The Butterfly Lion This is one of sixteen resources that you can use with your class to celebrate Michael Morpurgo Month in February, or to explore books from the world famous author at any other time of the year. Each resource is built around an extract but also shares some of the key themes from the complete story that make the book such a rich and enjoyable text to share with your class. The extracts can be read with the class using the accompanying PowerPoints, and there are teacher notes and pupil challenges to help children develop their own story-writing skills. This activity experiments with the use of verbs for evocative description.

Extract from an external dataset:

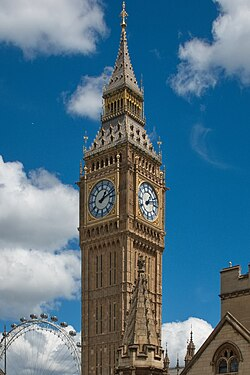What is this photo about? The photo prominently features the esteemed Big Ben, an iconic clock tower in London, England. The architectural marvel is presented against a picturesque backdrop of a clear blue sky adorned with a scattering of white clouds. The tower is built with intricate brick detailing and culminates in a sharp spire. Each facet of the tower boasts a striking clock face with white dials and black markings, visible from any direction. Visible in the distance is the London Eye, further enriching the quintessential London scenery. The towering structure stands out majestically, its grandeur highlighted by the contrast between the brick tones and the vivid blue sky. 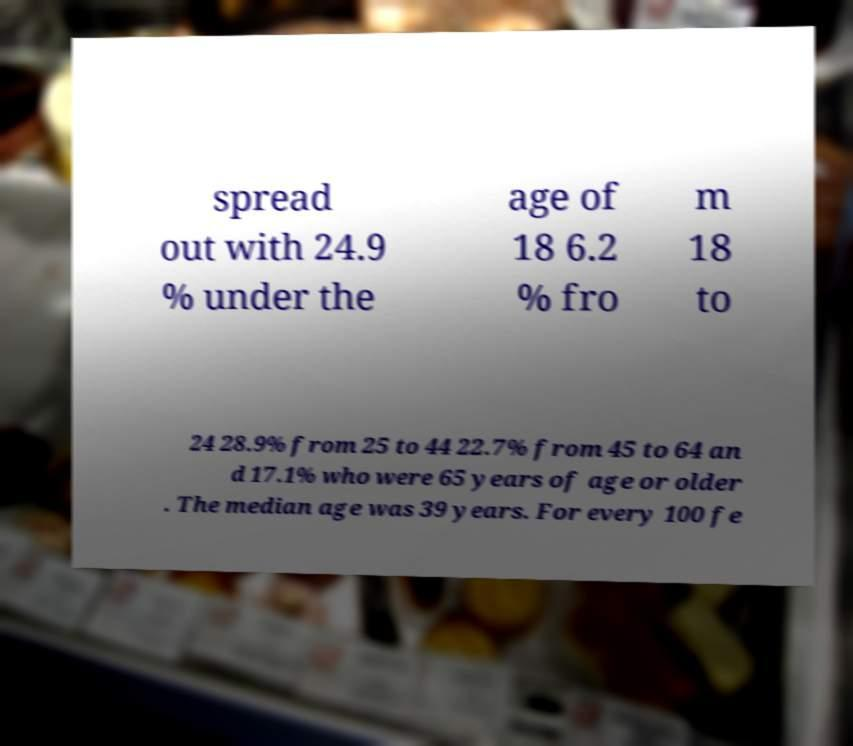There's text embedded in this image that I need extracted. Can you transcribe it verbatim? spread out with 24.9 % under the age of 18 6.2 % fro m 18 to 24 28.9% from 25 to 44 22.7% from 45 to 64 an d 17.1% who were 65 years of age or older . The median age was 39 years. For every 100 fe

The Butterfly Lion “All my life I’ll think of you, I promise I will. I won’t ever forget you.” Michael escapes from his strict boarding school and meets an old lady who lives nearby. She tells a remarkable story about a boy called Bertie, who rescued an orphaned white lion cub from the African veld. They are inseparable until Bertie is sent to boarding school far away in England and the lion is sold to a circus. Bertie swears that one day they will see one another again, but it is the butterfly lion that ensures their friendship will never be forgotten.

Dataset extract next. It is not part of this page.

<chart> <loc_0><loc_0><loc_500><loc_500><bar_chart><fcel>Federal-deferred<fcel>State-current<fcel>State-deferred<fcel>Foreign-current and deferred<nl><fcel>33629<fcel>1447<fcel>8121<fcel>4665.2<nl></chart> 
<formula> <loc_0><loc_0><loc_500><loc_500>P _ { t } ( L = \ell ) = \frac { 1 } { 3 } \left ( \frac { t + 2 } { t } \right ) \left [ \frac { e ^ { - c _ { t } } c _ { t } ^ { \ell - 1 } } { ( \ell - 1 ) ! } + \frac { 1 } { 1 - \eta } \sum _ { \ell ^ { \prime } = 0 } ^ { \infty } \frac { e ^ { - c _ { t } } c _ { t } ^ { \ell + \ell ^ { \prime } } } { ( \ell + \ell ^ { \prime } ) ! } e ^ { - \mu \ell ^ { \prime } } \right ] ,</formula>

Themes and ideas The Butterfly Lion is a perennial favourite in many primary classroom – a book that introduces children to new ideas and another part of the world, while also raising familiar themes. These themes open up great opportunities to explore big ideas with a class of children: Separation In the book, Michael finds himself at a strict boarding school, separated from his family and his old familiar life. He runs away and soon finds himself listening to another tale of separation, that of Bertie and his lion.